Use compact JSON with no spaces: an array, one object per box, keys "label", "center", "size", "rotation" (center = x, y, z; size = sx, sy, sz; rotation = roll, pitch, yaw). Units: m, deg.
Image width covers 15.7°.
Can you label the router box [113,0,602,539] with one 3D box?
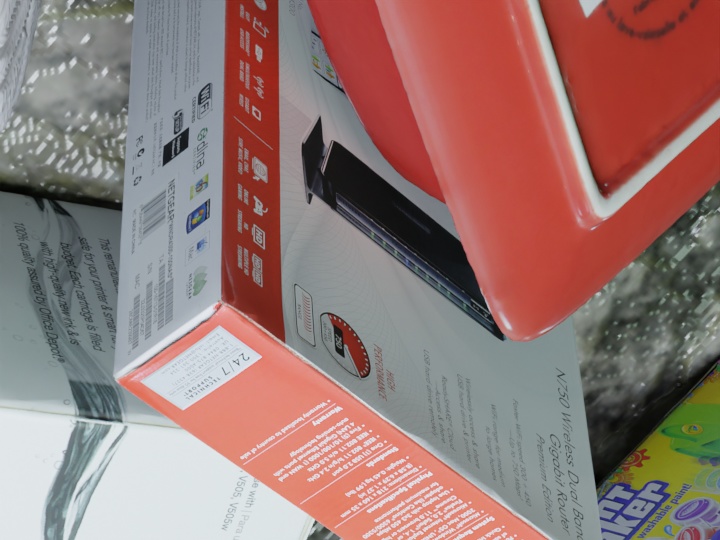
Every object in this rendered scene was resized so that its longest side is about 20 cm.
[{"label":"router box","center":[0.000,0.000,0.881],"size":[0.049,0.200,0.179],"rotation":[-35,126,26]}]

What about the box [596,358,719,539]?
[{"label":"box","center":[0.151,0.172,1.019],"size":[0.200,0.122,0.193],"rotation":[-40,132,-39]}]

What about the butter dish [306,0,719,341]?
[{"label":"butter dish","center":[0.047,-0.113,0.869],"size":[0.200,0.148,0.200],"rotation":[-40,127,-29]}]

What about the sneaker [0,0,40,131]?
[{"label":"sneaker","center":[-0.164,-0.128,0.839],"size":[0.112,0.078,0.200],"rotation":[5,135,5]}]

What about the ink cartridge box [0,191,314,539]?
--------------------
Task item: From the first line to the last, repeat the records exactly, leaving out the pictures.

Task response:
Use compact JSON with no spaces: an array, one object per box, keys "label", "center", "size", "rotation" (center = x, y, z; size = sx, sy, sz; rotation = roll, pitch, yaw). Units: m, deg.
Image width covers 15.7°.
Can you label the router box [113,0,602,539] with one 3D box?
Every object in this rendered scene was resized so that its longest side is about 20 cm.
[{"label":"router box","center":[0.000,0.000,0.881],"size":[0.049,0.200,0.179],"rotation":[-35,126,26]}]

What about the box [596,358,719,539]?
[{"label":"box","center":[0.151,0.172,1.019],"size":[0.200,0.122,0.193],"rotation":[-40,132,-39]}]

What about the butter dish [306,0,719,341]?
[{"label":"butter dish","center":[0.047,-0.113,0.869],"size":[0.200,0.148,0.200],"rotation":[-40,127,-29]}]

What about the sneaker [0,0,40,131]?
[{"label":"sneaker","center":[-0.164,-0.128,0.839],"size":[0.112,0.078,0.200],"rotation":[5,135,5]}]

What about the ink cartridge box [0,191,314,539]?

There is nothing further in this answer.